By default, the longer file is truncated to match the duration of the shorter file.
If the input audio is longer than the video and you want to generate a video based on the audio length, you can set the video_extension parameter to true. The algorithm extends the video duration using a "reverse-playback" alternating pattern with the original video frames until the video duration matches the audio duration.
How is silence in the input audio handled?
During periods of silence in the audio, the character in the video keeps their mouth closed.
How is the situation handled if there is no person or an incomplete face in the input video?
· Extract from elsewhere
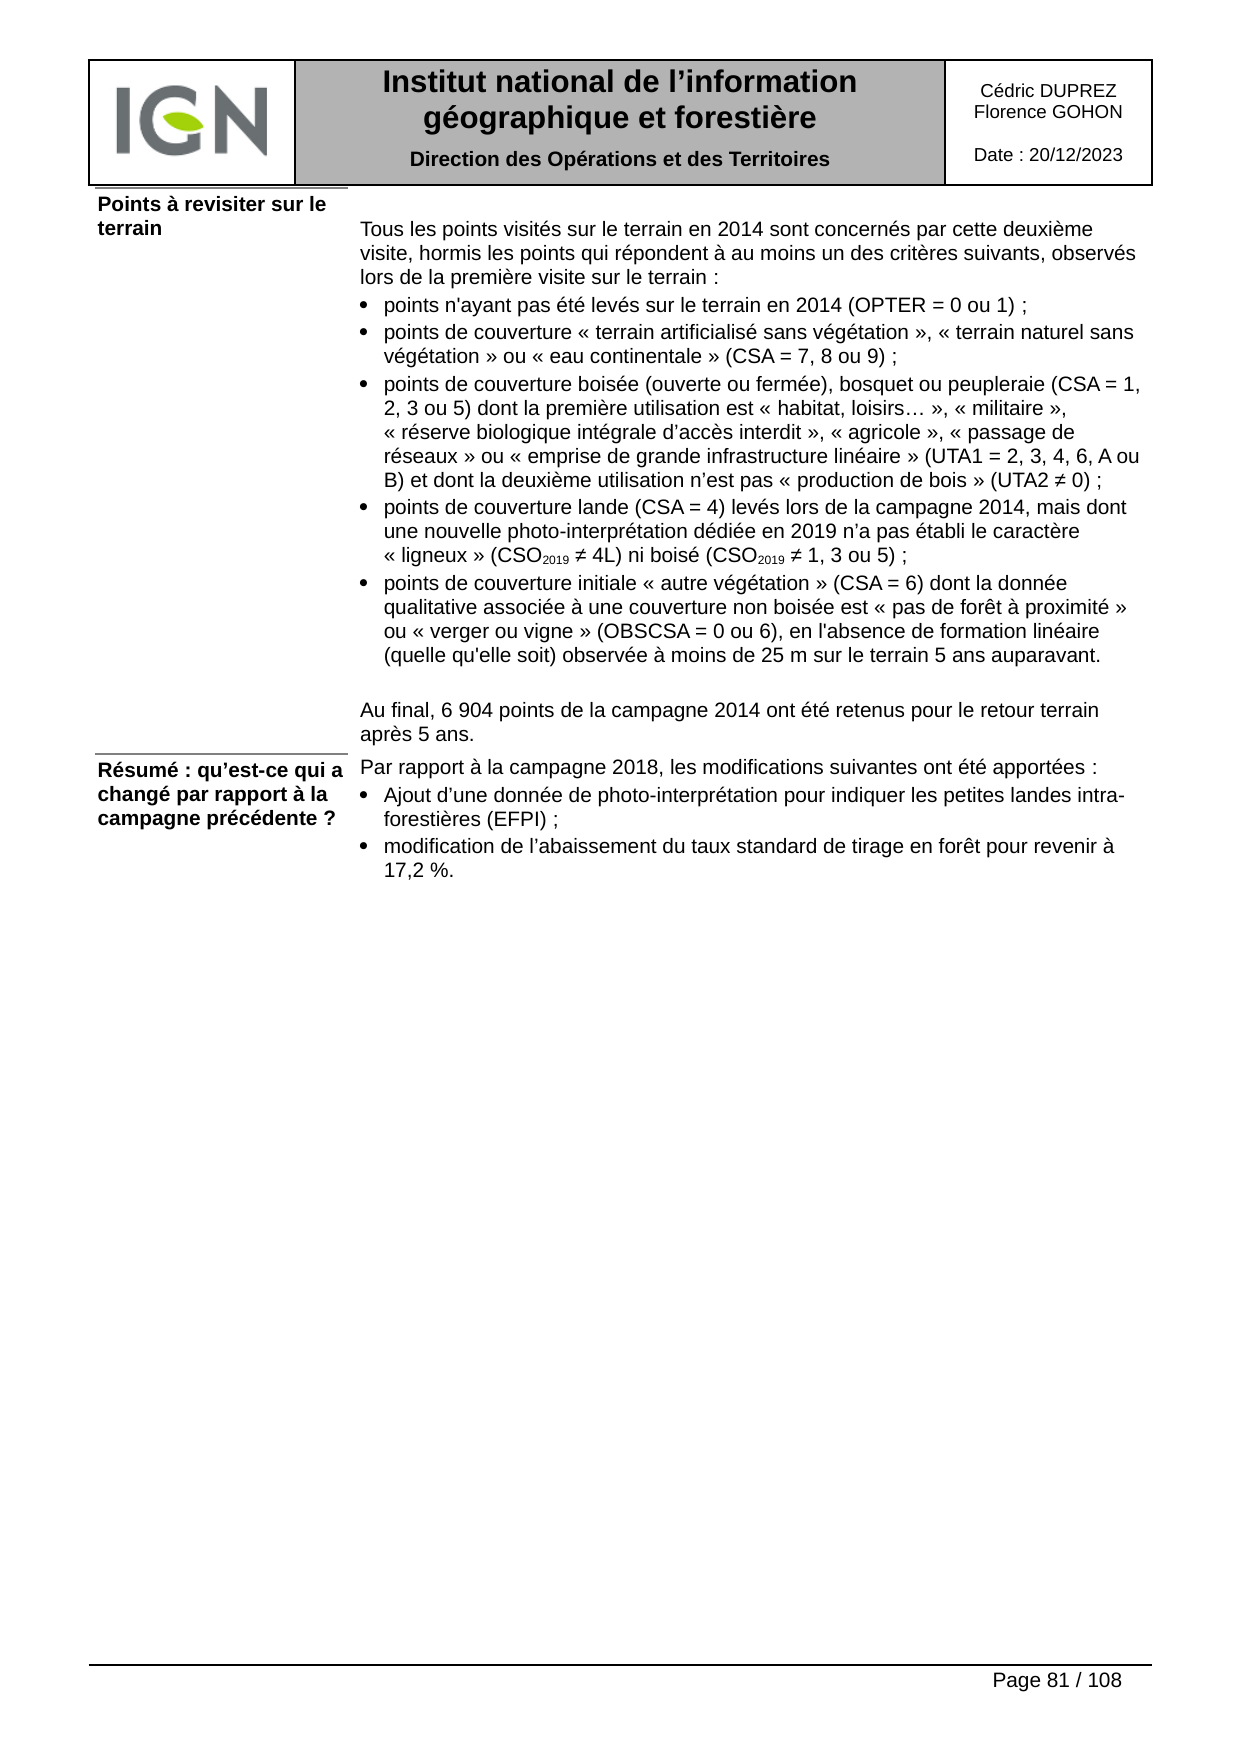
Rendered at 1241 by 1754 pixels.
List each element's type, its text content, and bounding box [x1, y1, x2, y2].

If the audio contains a human voice but a person or their mouth is not visible in a video frame, the original video frame is retained, and the audio plays normally.
How is the situation handled if there are multiple people in the input video?
Only one person's face can be replaced. The algorithm detects the specified face using the input reference image (input.ref_image_url). If a reference image is not provided, the algorithm defaults to selecting the largest face in the first frame that contains a face.